Write the entries below out again exactly, but skip the pictures.

———

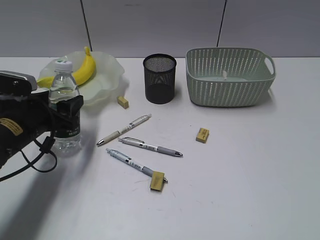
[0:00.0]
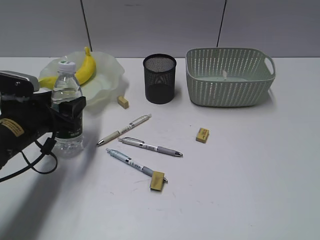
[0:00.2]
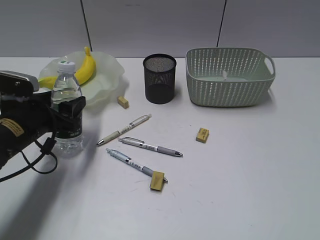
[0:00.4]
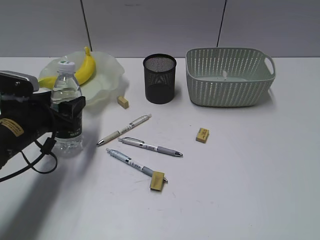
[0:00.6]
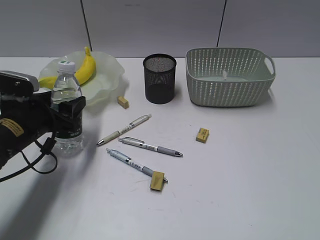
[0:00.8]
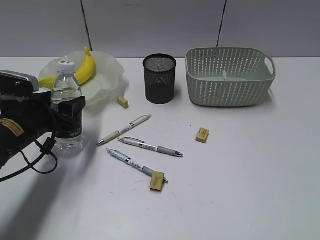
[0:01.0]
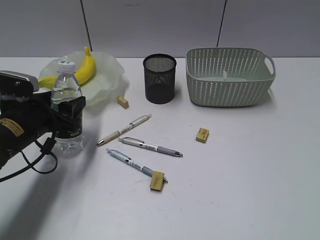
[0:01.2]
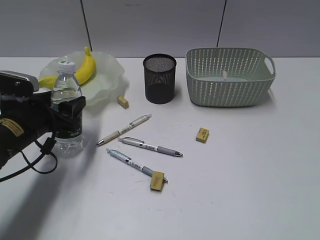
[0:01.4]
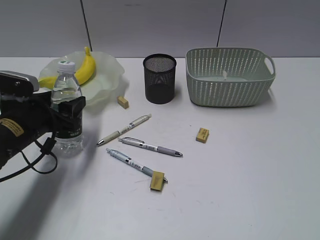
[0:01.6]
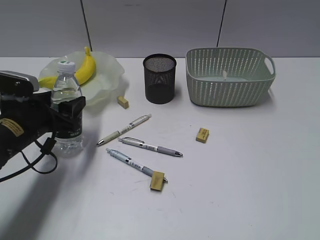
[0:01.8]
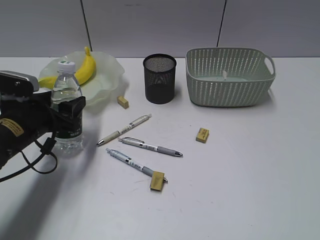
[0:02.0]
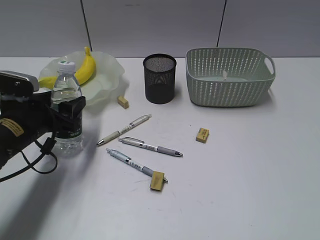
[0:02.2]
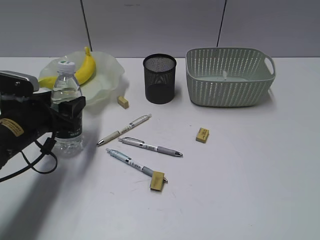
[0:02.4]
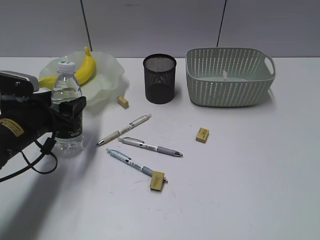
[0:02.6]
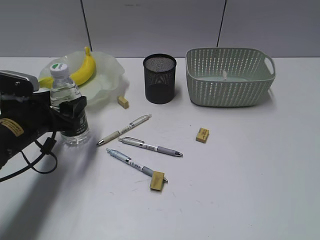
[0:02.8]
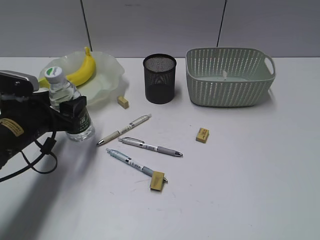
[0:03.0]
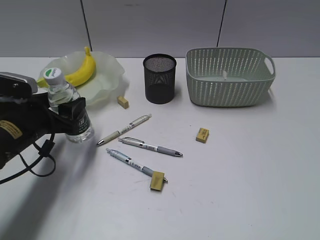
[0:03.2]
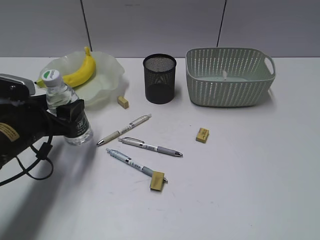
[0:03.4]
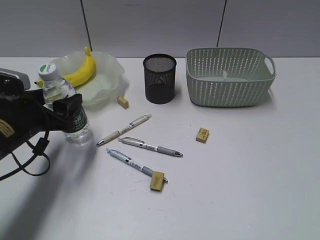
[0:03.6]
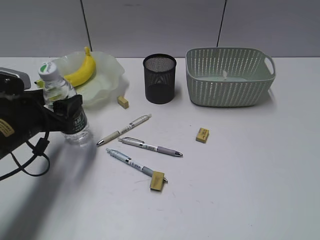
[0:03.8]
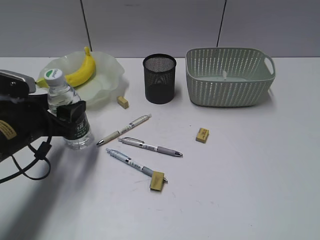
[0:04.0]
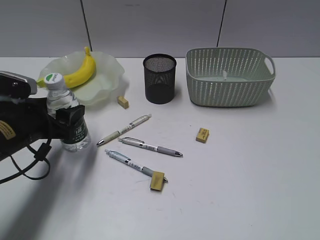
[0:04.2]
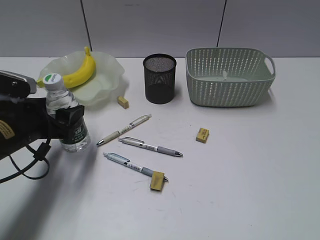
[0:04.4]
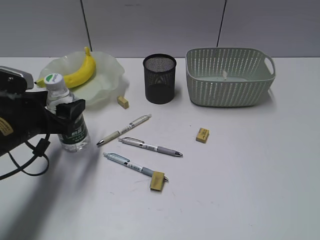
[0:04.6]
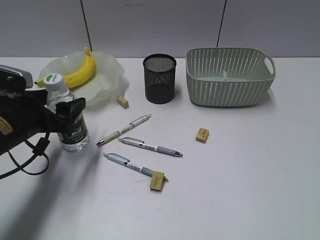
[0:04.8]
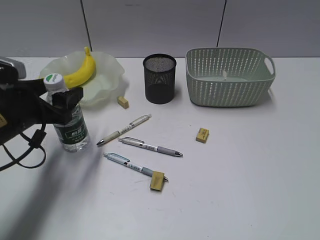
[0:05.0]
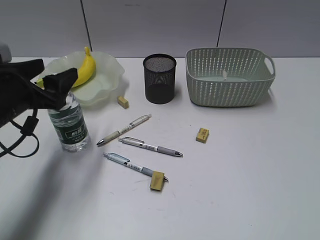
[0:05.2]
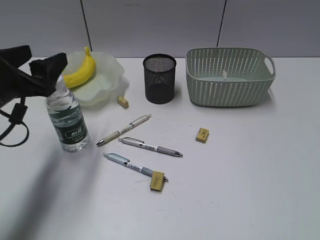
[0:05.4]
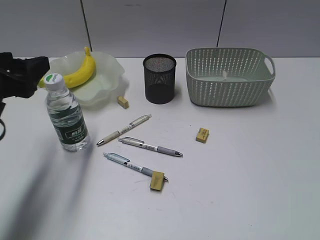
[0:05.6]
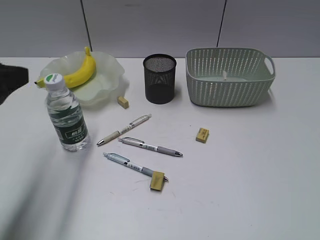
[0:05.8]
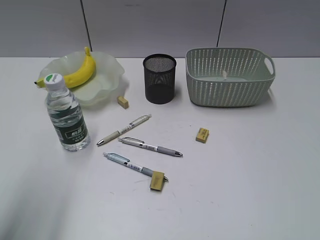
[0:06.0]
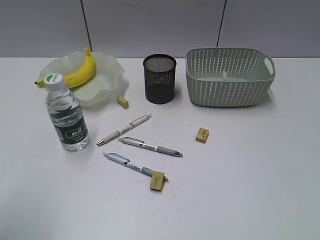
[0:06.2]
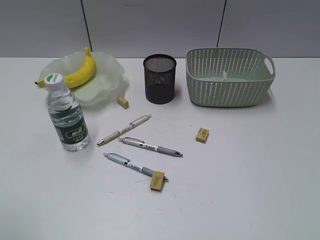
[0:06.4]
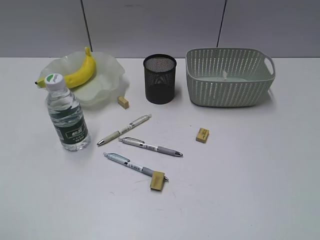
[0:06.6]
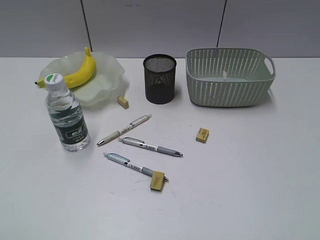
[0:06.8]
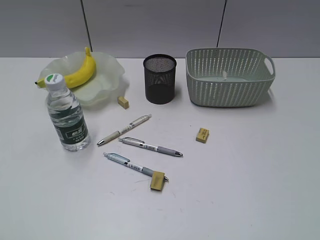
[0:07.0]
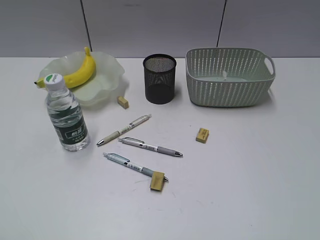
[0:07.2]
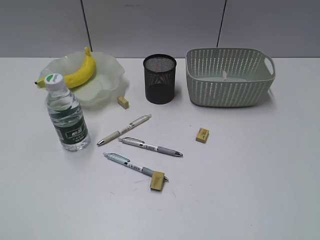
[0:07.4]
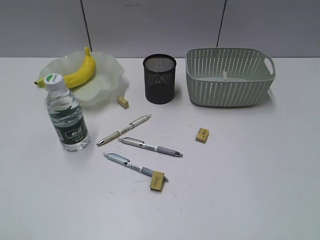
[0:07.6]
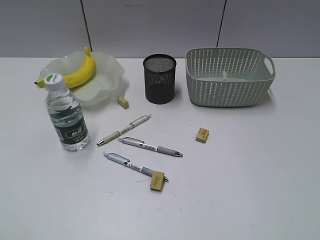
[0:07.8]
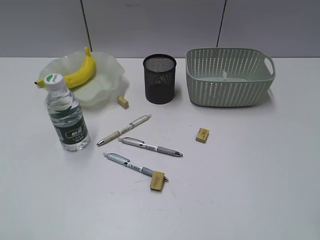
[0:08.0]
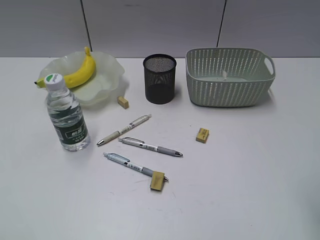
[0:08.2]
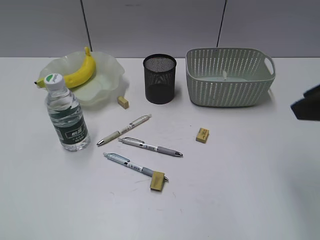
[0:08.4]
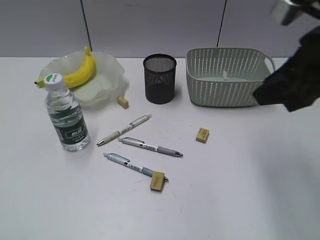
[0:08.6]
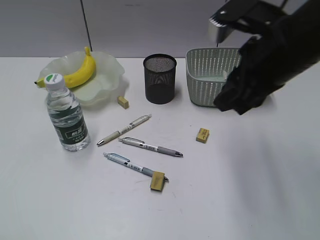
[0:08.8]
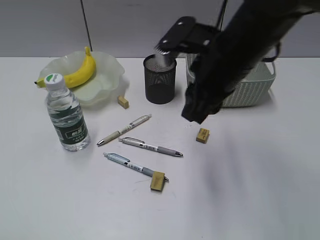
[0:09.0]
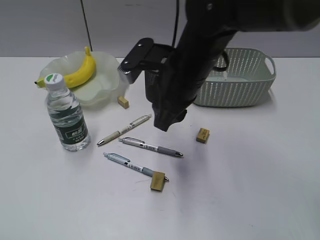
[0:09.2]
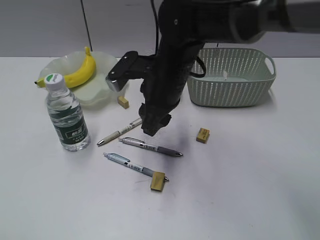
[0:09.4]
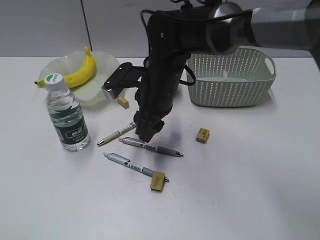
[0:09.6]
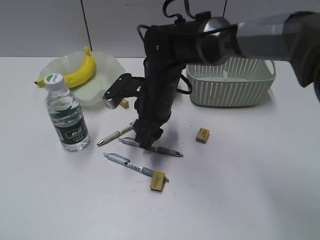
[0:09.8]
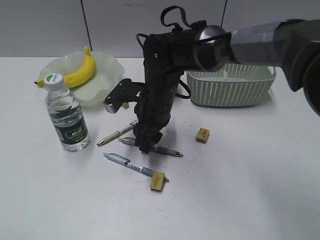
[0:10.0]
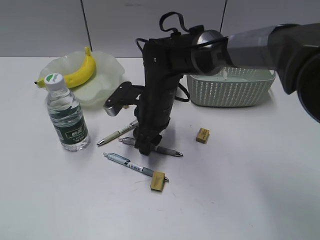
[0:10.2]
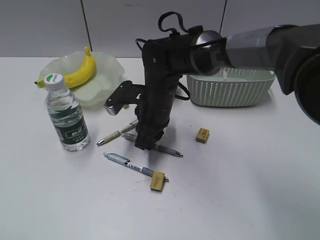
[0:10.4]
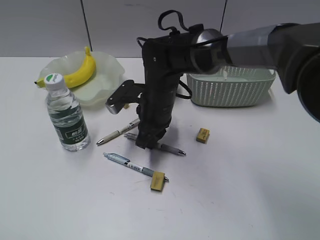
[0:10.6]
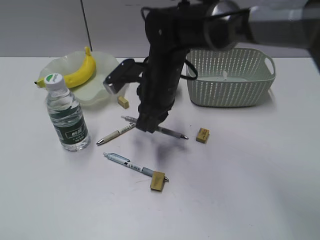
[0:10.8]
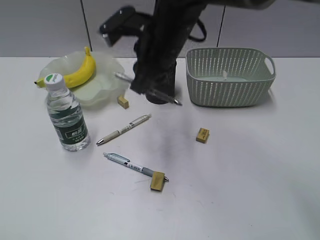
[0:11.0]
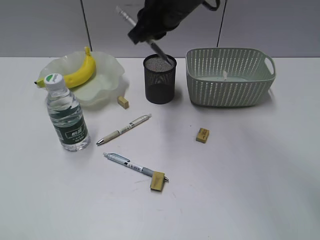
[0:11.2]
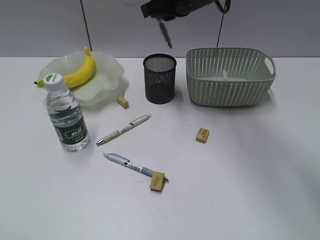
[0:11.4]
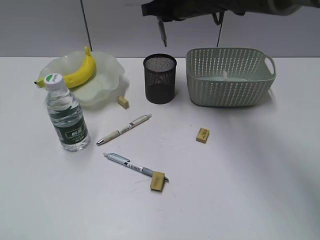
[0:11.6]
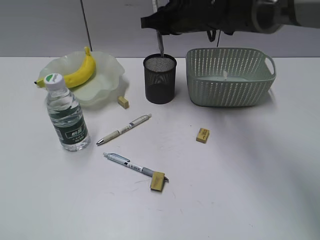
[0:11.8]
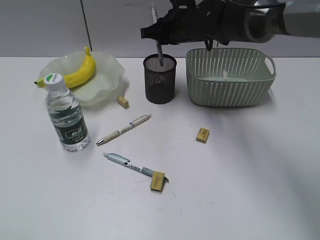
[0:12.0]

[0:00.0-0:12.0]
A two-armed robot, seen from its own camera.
Step, 0:00.0 to 0:05.2: Stand the bottle with left gripper.
Step, 0:05.4 to 0:10.4: Grasp the gray pen with right gripper.
0:00.0 to 0:03.0: Both grippers stay put.
0:03.0 to 0:04.4: The grippers make only small movements.
0:04.4 to 0:06.0: The left gripper goes about 20 cm upward and backward.
0:06.0 to 0:07.6: The left gripper is displaced backward by about 15 cm.
0:07.6 to 0:09.0: The right gripper moves forward and to the left, roughly 35 cm.
0:09.0 to 0:10.4: The right gripper travels downward, to the left and forward by roughly 20 cm.
0:10.4 to 0:12.0: The right gripper goes some 15 cm forward, upward and to the right.

———

▶ _TASK OUTPUT_
[0:00.0]
[0:00.2]
[0:00.4]
[0:00.6]
[0:00.8]
[0:01.0]
[0:01.2]
[0:01.4]
[0:01.6]
[0:01.8]
[0:02.0]
[0:02.2]
[0:02.4]
[0:02.6]
[0:02.8]
[0:03.0]
[0:03.2]
[0:03.4]
[0:03.6]
[0:03.8]
[0:04.0]
[0:04.2]
[0:04.4]
[0:04.6]
[0:04.8]
[0:05.0]
[0:05.2]
[0:05.4]
[0:05.6]
[0:05.8]
[0:06.0]
[0:06.2]
[0:06.4]
[0:06.6]
[0:06.8]
[0:07.0]
[0:07.2]
[0:07.4]
[0:07.6]
[0:07.8]
[0:08.0]
[0:08.2]
[0:08.4]
[0:08.6]
[0:08.8]
[0:09.0]
[0:09.2]
[0:09.4]
[0:09.6]
[0:09.8]
[0:10.0]
[0:10.2]
[0:10.4]
[0:10.6]
[0:10.8]
[0:11.0]
[0:11.2]
[0:11.4]
[0:11.6]
[0:11.8]
[0:12.0]

[0:00.0-0:12.0]
A two-armed robot, seen from its own camera.
Step, 0:00.0 to 0:05.2: Stand the bottle with left gripper.
Step, 0:05.4 to 0:10.4: Grasp the gray pen with right gripper.
0:00.0 to 0:03.0: Both grippers stay put.
0:03.0 to 0:04.4: The grippers make only small movements.
0:04.4 to 0:06.0: The left gripper goes about 20 cm upward and backward.
0:06.0 to 0:07.6: The left gripper is displaced backward by about 15 cm.
0:07.6 to 0:09.0: The right gripper moves forward and to the left, roughly 35 cm.
0:09.0 to 0:10.4: The right gripper travels downward, to the left and forward by roughly 20 cm.
0:10.4 to 0:12.0: The right gripper goes some 15 cm forward, upward and to the right.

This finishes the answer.